Sunday, November 07, 2010

Song Of The Day



There aren't enough songs sublimely conveying universal feelings of dislocation using a slightly obscure literary reference as lyrical lynchpin. Some background from New York Magazine's review of Michel Houellebecq's H. P. Lovecraft: Against the World, Against Life is useful for context:

In Houellebecq’s reading, Lovecraft was initiated into the secrets of the vile by his disastrous move from Rhode Island to Brooklyn in 1924. He did it for love: At the age of 30, he’d married an older woman, Sonia Haft Greene, who was both Jewish and divorced (no small thing, Houellebecq points out, “for a conservative anti-Semite”). But affection, which had taken him this far, could take him no further. In the metropolis, he was jostled and out-hustled by immigrants and “negroes” and could not find work. “My coming to New York,” one of Lovecraft’s narrators concludes, “had been a mistake.” In that story, the hero is shown a terrifying vision of the future by a demon in Greenwich Village; in real life, the desperate Lovecraft and Sonia were forced to sell their furniture. For some time, he had to live alone in Red Hook. Two years later, utterly defeated, he left. The marriage failed.

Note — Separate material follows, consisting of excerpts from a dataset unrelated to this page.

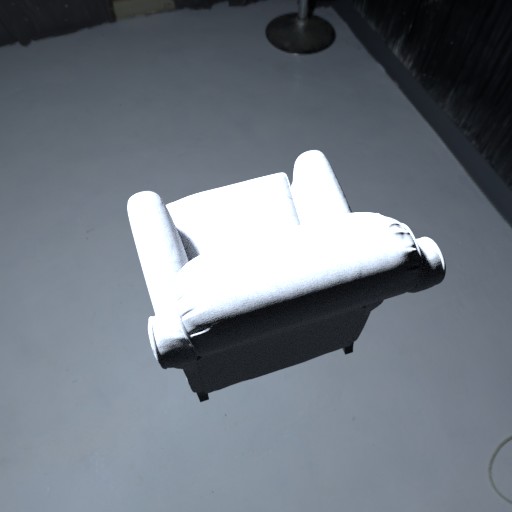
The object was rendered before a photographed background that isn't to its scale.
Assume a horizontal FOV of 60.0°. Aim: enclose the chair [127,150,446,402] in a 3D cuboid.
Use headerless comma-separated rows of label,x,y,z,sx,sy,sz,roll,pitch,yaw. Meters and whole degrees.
chair,0.000,0.000,1.702,0.859,1.046,0.919,-16,60,-9
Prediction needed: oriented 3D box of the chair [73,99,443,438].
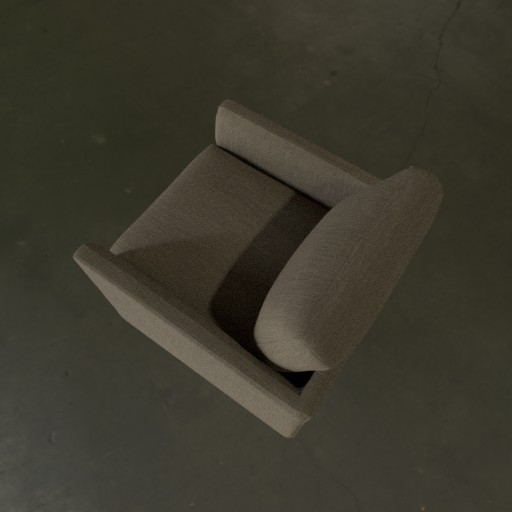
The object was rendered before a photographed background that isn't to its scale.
[{"bbox_3d":[0.000,0.000,1.474,0.834,0.811,0.763,32,68,15],"label":"chair"}]
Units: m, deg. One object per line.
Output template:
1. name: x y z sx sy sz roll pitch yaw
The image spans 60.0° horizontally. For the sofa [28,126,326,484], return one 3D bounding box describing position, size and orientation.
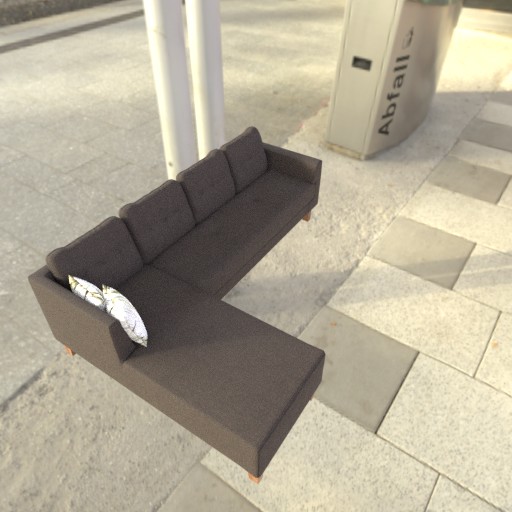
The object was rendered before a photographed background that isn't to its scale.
1. sofa: 0.000 0.000 3.536 1.829 0.932 2.679 23 46 25
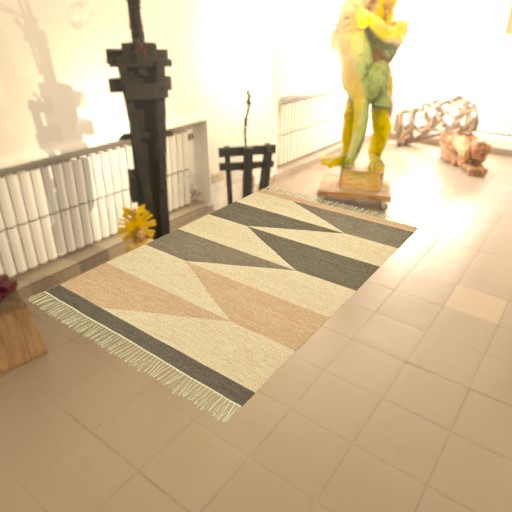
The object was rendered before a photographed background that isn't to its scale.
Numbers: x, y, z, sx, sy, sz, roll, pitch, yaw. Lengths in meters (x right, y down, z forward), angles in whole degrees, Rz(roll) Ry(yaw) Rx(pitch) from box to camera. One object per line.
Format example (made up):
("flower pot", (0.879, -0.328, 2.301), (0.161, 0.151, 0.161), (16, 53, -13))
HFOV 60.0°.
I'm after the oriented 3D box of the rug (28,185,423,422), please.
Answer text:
("rug", (0.000, 0.000, 2.490), (1.224, 0.027, 2.021), (19, 34, 32))

Now to delve into what Lovecraft, in top spine-tingling form, called the "Italo-Semitico-Mongoloid" lower east side:

The Mountain Goats - Lovecraft In Brooklyn

Gonna be too hot to breathe today
But everybody is out here on the streets
Somebody has opened up the fire hydrant
Cold water rushing out in sheets

Some kid in a Marcus Allen jersey
Asks me for a cigarette
Companionship is where you find it
So I take what I can get

Lovecraft on the car-length funhouse mirrors
I stick to the shadows when I can
Lovecraft in Brooklyn

Well the sun goes down
The armies of the voiceless
Several hundred-thousand strong
Come without their bandages
Their voices raised in song
When the street lights sputter out
They make this awful sizzling sound

I cast my gaze towards the pavement
Too many bloodstains on the ground
Rhode Island drops into the ocean
No place to call home anymore
Lovecraft in Brooklyn

Head outside most everyday to try to keep the wolves away
Imagine nice things I might say
If company should come

Woke up afraid of my own shadow
Like, genuinely afraid
Headed for the pawnshop
To buy myself a switchblade
Someday something's coming
From way out beyond the stars
To kill us while we stand here
It will store our brains in mason jars
And then the girl behind the counter asks "How do you feel today?"
"I feel like Lovecraft in Brooklyn!"

Yeah!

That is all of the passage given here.